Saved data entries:
********************

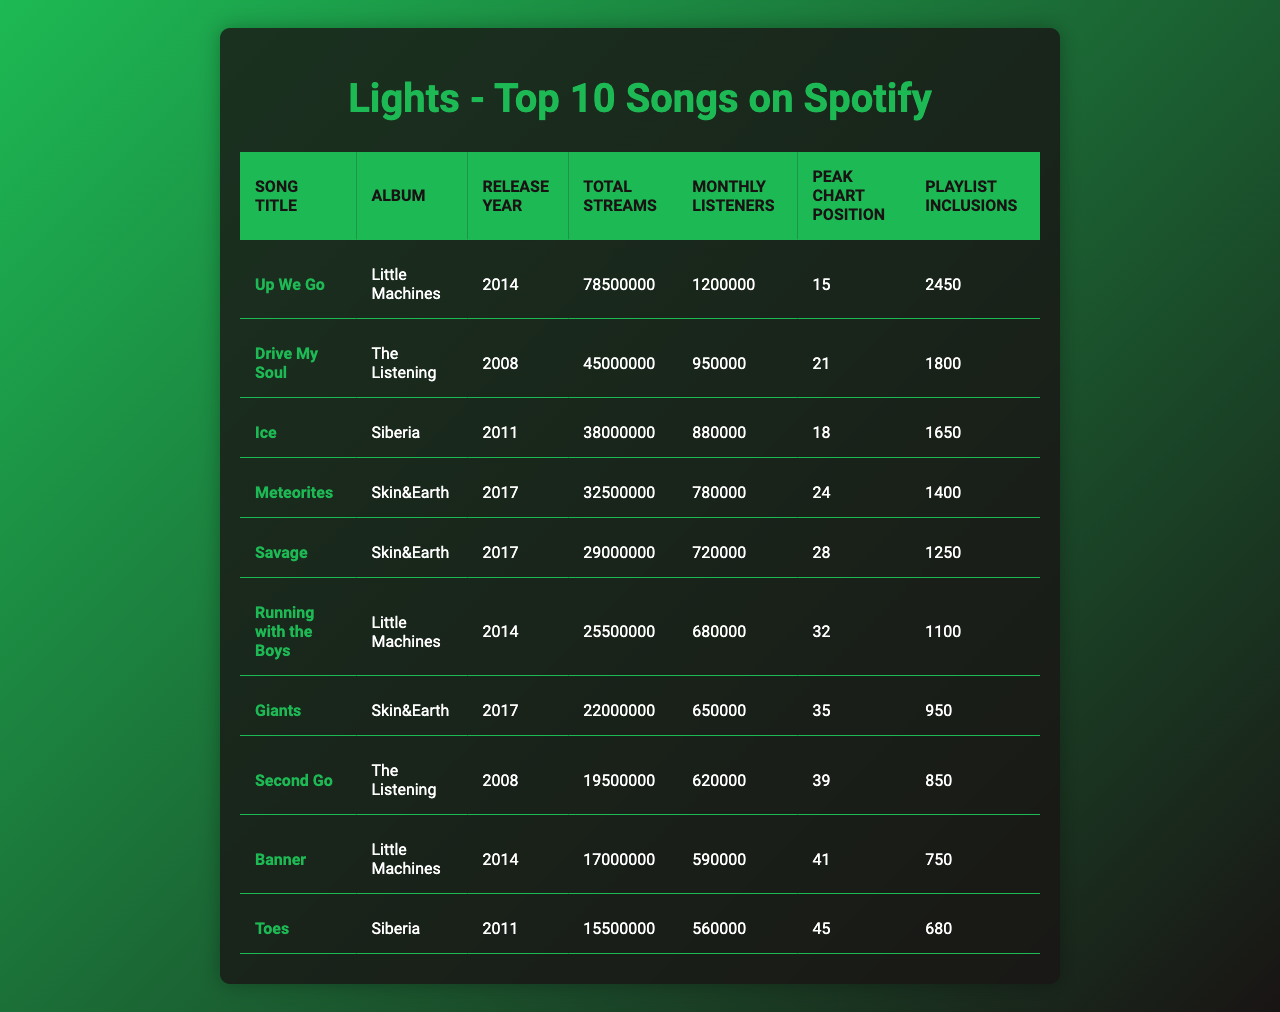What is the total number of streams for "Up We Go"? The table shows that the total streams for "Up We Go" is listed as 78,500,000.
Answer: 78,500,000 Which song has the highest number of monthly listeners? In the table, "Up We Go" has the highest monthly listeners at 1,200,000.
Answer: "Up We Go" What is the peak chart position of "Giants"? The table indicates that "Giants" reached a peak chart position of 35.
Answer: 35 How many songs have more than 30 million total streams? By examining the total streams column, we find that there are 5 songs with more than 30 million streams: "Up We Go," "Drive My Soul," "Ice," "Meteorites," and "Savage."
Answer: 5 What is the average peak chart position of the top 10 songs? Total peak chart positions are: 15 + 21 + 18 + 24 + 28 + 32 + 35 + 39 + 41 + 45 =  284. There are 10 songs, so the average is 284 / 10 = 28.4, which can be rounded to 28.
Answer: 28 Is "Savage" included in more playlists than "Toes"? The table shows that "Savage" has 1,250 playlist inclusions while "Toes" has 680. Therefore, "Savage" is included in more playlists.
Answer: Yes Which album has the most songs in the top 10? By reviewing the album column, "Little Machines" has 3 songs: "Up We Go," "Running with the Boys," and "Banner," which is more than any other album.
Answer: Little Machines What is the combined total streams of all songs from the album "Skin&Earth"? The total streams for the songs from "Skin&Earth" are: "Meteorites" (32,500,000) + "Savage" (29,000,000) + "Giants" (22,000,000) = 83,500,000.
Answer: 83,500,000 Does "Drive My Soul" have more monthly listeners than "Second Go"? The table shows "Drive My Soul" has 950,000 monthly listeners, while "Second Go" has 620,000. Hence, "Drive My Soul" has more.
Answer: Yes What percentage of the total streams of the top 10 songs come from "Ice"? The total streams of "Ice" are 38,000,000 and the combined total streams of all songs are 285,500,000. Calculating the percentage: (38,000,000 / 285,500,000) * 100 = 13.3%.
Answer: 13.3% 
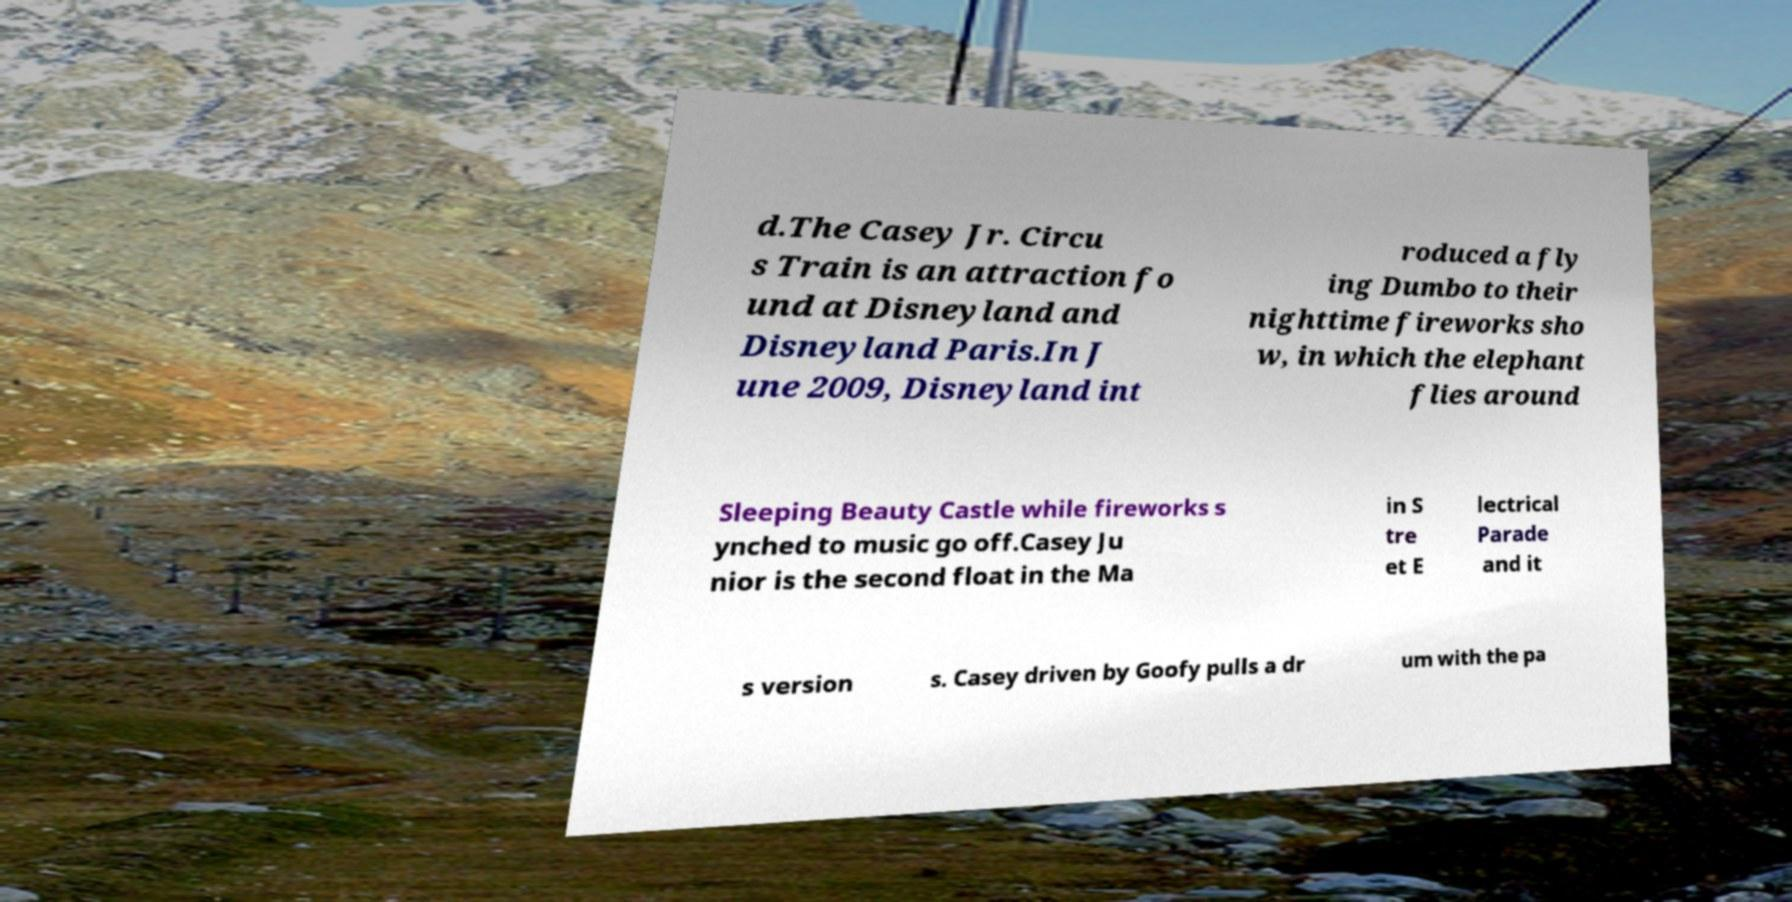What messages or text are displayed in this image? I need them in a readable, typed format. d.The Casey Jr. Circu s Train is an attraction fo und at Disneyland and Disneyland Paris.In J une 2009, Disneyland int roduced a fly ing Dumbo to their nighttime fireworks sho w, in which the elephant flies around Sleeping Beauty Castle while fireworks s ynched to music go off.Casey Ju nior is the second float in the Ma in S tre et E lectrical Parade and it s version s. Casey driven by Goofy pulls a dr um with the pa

********************

— TO DO —
Using the records above, copy each line that contains "album".

— EXERCISE OUTPUT —
Answer: Yes Which album has the most songs in the top 10? By reviewing the album column, "Little Machines" has 3 songs: "Up We Go," "Running with the Boys," and "Banner," which is more than any other album.
Answer: Little Machines What is the combined total streams of all songs from the album "Skin&Earth"? The total streams for the songs from "Skin&Earth" are: "Meteorites" (32,500,000) + "Savage" (29,000,000) + "Giants" (22,000,000) = 83,500,000.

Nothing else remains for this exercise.